SOA- Buzz jargon or?

Post date: Mar 28, 2012 7:53:48 PM

During last decade we have seen lots of buzz words, jargon and new technology innovations. Idea behind all those initiatives was to improve quality of services, quality of software development. People were trying to achieve this by making processes better to produce better quality, reduce cost or by better taking care of non functional requirements.

Lot many of these initiatives really disappointed developer community and business community (end users who spent money on software solutions) .

Reason behind this disappointment is big promises and attempt to make money out of everything, every buzz-word, every jargon. Big vendors started making money without standardizing things and started implementing standards in non standard way or proprietary way.

(see my post "Open Source - Innovations and a bitter truth" for more detail).

Confusion

Now sometime people ask me whether SOA is also similar buzz-word, a jargon and an attempt by big vendors to make money out of it. Let us try to analyze it.

1. Is SOA an architectural style ?

2. Is SOA a way of implementing software so that you can expose business functionality in a standard way, as a service ?

3. Is SOA for integrating existing systems in a standard way? By exposing standard interfaces of business functionality as a service.

4. Is it for a new system being developed from scratch? We should create new business functionality as SOA services ?

5. Is SOA a tool, and IDE, a server???

If answer to first four questions is yes then you may ask "what these vendors are doing here and what they are trying to sell?"

Real value of SOA

1. By its definition and its concept it should not be bounded to a vendor.

2. It should not be specific to a vendor

3. It should not have vendor specific implementation other wise what about interoperability. seamless integration, integration between two business partners having their businesses running on different platforms, softwares etc.

4. Concept of SOA is really good. It has worth considering it.

Why is confusion then?

1. To make money vendors are trying to suggest that SOA is something they have implemented in their tool and it is specific to their tool. If you will get their suite of software then only you can implement SOA.

2. Vendors are not talking about standards. They are not convinced on a single specification. And even people (big vendors) want W3C to keep a distance from SOA and focus only on web.

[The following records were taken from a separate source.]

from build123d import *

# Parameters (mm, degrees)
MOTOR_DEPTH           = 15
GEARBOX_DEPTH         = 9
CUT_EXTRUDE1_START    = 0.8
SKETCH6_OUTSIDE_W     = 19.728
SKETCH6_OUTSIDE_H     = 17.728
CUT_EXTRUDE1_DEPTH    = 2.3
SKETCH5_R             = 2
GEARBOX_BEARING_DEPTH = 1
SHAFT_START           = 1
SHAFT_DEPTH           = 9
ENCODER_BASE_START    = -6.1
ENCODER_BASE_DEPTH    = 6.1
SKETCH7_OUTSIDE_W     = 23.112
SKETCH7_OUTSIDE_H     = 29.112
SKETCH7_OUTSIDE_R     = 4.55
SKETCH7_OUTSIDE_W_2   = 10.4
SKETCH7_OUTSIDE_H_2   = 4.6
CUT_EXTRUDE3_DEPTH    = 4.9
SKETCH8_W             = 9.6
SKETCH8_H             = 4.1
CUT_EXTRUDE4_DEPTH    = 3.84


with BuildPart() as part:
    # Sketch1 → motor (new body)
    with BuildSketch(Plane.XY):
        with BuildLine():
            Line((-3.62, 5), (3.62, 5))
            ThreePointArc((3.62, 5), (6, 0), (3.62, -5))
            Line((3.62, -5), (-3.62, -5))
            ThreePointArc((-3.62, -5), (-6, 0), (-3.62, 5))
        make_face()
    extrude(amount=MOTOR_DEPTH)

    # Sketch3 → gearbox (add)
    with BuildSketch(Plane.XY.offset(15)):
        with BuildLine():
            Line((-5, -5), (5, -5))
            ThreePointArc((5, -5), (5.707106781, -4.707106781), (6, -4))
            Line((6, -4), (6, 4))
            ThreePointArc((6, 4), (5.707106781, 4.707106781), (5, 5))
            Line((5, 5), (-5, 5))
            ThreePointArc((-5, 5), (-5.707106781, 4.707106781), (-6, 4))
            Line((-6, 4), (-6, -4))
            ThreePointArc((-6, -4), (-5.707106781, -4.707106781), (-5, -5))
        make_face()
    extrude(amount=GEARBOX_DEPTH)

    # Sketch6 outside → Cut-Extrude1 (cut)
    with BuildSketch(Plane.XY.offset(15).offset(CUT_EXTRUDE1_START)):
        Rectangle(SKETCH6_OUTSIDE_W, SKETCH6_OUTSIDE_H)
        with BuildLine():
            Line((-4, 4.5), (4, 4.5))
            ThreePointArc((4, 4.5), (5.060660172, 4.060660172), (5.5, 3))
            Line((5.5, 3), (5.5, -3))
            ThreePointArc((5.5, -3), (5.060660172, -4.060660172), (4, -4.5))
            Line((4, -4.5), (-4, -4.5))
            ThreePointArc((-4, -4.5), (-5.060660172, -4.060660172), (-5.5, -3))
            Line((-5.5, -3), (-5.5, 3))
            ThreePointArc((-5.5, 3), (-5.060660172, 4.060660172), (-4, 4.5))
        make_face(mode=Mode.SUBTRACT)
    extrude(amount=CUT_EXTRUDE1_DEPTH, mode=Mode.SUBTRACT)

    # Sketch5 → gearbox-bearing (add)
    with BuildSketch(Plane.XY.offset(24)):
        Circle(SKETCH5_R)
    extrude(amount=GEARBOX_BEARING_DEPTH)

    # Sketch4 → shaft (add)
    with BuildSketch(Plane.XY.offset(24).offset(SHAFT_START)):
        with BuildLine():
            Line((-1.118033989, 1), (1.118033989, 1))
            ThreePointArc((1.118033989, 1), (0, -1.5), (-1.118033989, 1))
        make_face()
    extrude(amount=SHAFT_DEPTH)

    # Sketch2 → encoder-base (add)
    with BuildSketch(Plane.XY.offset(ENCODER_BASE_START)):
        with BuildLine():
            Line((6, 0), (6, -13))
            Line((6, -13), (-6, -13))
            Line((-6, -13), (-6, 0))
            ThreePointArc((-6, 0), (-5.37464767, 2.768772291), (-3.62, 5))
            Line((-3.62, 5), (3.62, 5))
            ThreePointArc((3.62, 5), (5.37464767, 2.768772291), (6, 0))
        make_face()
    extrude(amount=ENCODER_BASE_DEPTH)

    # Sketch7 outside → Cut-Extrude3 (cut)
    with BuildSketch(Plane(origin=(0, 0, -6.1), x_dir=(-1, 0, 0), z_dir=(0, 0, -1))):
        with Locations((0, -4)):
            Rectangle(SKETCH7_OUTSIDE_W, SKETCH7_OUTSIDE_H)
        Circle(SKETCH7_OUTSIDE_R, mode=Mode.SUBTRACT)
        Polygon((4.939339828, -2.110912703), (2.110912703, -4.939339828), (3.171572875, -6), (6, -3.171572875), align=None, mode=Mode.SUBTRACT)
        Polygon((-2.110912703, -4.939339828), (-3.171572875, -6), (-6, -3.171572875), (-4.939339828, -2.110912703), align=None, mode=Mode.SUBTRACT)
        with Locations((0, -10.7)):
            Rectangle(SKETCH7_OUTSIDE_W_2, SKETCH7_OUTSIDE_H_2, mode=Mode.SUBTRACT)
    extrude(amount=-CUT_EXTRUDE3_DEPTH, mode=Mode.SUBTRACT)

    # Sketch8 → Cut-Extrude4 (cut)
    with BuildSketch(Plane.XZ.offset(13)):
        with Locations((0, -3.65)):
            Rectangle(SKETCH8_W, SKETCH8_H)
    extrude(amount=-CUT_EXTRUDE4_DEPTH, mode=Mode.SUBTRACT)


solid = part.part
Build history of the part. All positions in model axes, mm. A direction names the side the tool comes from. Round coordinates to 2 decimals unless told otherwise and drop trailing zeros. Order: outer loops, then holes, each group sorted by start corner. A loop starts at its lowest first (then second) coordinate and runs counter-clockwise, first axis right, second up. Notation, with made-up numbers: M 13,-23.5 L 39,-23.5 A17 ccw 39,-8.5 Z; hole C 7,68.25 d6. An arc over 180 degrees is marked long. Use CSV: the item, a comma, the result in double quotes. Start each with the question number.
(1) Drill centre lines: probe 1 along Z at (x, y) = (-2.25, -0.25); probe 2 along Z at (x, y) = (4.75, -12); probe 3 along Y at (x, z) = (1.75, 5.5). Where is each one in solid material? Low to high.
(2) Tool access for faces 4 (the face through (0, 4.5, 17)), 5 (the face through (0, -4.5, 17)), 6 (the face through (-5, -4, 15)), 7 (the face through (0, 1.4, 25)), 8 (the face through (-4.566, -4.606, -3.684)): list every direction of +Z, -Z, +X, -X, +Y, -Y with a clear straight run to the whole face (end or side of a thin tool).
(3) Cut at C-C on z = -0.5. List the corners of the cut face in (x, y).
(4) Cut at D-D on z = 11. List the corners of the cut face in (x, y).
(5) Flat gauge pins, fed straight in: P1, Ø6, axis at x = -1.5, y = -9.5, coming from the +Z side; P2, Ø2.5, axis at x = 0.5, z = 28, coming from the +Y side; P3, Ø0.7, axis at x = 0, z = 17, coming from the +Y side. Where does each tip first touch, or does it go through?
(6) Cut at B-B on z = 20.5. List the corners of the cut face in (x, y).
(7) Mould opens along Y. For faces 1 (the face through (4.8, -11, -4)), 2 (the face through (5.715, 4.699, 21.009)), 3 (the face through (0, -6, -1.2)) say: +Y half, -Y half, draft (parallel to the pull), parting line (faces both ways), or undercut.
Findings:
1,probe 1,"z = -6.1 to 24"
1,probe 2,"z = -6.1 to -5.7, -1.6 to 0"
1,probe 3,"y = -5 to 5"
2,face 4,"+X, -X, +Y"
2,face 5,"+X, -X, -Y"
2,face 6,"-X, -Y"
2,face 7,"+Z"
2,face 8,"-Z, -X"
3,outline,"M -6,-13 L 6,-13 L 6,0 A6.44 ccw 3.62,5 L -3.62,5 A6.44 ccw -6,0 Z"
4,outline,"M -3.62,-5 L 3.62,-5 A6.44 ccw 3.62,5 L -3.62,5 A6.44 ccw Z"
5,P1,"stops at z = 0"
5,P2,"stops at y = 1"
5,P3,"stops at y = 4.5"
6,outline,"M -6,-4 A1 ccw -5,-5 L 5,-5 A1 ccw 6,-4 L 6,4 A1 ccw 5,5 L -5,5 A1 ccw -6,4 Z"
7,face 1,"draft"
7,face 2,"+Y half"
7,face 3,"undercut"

3. Some effort is going on in open source, vendors are making their own tools on their own specification. It suites their business.

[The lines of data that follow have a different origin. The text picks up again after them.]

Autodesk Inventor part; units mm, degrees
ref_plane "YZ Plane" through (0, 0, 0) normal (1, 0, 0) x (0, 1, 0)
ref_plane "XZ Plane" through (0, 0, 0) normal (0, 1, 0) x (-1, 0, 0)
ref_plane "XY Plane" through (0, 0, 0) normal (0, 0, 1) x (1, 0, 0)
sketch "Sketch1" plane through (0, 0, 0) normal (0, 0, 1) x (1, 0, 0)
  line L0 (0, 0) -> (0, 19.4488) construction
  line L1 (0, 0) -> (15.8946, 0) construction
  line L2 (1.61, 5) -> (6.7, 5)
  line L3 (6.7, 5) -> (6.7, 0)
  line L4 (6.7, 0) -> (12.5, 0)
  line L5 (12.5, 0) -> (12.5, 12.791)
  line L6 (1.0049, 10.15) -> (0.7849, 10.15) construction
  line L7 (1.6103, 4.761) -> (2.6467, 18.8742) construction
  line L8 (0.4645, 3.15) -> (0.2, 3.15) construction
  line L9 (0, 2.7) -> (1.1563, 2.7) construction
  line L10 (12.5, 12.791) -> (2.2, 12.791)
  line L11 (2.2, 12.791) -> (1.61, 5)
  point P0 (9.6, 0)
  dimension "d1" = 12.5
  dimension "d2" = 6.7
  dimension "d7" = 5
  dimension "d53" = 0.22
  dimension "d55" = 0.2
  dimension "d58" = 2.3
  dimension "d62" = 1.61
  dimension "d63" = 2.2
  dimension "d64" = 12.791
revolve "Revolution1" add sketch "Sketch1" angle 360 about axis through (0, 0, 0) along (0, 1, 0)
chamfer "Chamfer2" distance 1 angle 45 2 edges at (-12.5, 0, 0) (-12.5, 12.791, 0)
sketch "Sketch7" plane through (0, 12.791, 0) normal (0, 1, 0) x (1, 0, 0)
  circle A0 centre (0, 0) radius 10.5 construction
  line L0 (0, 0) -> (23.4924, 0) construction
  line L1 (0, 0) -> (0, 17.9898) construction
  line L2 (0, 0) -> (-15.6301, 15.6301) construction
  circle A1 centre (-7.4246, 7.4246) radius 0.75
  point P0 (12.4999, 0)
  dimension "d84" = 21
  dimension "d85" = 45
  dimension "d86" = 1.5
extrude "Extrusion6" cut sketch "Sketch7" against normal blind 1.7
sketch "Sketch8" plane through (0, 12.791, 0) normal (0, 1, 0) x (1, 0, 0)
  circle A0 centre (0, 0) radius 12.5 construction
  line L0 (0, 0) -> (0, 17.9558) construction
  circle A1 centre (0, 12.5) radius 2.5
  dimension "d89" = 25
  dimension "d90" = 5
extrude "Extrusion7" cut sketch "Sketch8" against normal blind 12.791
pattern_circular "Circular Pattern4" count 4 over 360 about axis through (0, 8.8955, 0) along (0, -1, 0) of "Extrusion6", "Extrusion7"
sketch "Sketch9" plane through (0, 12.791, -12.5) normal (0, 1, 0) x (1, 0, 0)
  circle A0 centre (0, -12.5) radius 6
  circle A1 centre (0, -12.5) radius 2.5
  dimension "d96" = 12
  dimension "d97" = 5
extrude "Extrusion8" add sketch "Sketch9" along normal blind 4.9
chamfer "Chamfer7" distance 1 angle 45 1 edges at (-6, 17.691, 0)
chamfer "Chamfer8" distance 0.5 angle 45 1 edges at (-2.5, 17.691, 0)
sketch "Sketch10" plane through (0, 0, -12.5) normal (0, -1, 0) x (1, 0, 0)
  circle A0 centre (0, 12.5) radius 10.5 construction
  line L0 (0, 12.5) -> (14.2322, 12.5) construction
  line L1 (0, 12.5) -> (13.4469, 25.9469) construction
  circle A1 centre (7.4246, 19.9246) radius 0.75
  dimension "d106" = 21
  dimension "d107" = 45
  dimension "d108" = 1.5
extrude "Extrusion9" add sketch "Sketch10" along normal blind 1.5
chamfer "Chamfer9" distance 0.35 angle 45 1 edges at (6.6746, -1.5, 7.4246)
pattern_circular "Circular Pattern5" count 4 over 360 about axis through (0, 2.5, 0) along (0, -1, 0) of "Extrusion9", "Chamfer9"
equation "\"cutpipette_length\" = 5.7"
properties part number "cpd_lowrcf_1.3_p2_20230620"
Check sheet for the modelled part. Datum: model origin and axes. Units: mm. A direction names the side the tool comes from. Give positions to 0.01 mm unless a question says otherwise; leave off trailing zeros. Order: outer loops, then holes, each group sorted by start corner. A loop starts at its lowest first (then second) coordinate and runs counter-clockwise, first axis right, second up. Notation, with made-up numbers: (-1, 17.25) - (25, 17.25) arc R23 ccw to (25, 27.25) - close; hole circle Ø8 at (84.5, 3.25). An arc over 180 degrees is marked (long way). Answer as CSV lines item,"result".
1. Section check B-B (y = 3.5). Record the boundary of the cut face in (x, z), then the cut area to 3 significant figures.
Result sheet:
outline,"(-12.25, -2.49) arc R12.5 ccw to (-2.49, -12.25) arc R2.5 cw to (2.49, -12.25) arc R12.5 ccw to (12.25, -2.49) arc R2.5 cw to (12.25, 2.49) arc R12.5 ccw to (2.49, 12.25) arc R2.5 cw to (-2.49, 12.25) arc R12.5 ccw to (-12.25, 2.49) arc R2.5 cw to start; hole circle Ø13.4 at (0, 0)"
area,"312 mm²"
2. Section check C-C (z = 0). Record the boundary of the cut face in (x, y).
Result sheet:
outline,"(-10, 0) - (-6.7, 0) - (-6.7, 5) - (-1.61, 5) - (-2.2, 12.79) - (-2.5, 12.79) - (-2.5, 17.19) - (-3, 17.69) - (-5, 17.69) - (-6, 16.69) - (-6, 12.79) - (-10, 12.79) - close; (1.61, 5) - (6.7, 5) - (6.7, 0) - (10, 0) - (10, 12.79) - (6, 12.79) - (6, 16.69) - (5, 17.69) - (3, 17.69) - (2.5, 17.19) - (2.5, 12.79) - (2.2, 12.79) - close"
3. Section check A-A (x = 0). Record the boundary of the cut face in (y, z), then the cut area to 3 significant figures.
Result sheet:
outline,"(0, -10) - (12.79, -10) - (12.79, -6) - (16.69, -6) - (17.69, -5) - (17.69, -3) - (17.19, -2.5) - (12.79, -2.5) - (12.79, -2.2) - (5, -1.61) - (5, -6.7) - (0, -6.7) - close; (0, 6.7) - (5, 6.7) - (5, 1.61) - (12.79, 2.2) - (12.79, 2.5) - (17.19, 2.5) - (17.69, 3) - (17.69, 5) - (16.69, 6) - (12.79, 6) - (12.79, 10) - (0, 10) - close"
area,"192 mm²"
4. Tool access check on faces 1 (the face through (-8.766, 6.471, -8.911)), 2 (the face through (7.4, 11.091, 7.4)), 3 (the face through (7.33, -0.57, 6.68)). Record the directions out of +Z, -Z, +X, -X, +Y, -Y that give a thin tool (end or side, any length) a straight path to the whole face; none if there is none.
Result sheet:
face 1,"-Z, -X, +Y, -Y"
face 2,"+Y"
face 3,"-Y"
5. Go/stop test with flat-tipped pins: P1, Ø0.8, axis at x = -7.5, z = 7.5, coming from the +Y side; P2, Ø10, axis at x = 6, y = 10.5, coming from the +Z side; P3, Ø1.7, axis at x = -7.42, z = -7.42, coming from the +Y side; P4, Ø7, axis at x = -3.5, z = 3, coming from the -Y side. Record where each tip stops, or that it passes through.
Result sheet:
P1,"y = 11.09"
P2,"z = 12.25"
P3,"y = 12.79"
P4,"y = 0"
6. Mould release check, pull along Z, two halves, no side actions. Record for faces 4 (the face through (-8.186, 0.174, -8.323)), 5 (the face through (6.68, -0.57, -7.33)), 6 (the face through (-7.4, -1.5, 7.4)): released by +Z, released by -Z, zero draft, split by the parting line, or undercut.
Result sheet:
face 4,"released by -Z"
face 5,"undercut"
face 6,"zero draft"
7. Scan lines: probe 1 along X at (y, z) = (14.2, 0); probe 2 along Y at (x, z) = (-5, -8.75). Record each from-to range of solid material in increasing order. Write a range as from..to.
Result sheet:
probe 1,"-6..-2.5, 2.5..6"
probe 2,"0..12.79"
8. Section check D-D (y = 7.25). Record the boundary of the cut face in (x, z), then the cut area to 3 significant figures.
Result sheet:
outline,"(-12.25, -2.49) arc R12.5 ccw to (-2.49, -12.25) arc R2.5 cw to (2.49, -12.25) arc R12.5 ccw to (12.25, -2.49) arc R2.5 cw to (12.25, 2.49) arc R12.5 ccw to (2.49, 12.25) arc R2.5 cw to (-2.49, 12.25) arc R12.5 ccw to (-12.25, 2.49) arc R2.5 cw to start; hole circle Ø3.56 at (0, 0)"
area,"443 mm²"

Even if answer to question 5 above is yes (which is not correct) then to make it standard based tool (is it a tool at all?) it should have exactly same standards and specification. So then what different vendors will sell if tools will be based on standards? That is why they (vendors) try to create impression that SOA can only be implemented by their server and IDE.

People may argue that vendors are making SOA simple or its implementation simple by providing tools. But let me know if they are trying to make it simple then are they following same specification. If I have created half of my work with one vendor's tool can I continue with other vendor's tool. No not all.

Solution

It is similar to development methodologies. People were trying to sell a development methodology (by giving Unified Process a proprietary name) as their tool or product. You know very well you need to adopt process or methodology. Tool is not so important. Same was the case with development tools or IDE's. Some time back people were trying to sell IDE's too at very high price. But specific thing in their IDE was really not a necessity and it has been proved by open source IDE's

Vendors should sit together and seriously consider standard specification and its implementation.

Vendors should contribute in standard specification and research, should not take interest only in selling anything half cooked.

Community should reject proprietary things and focus on standards and specifications.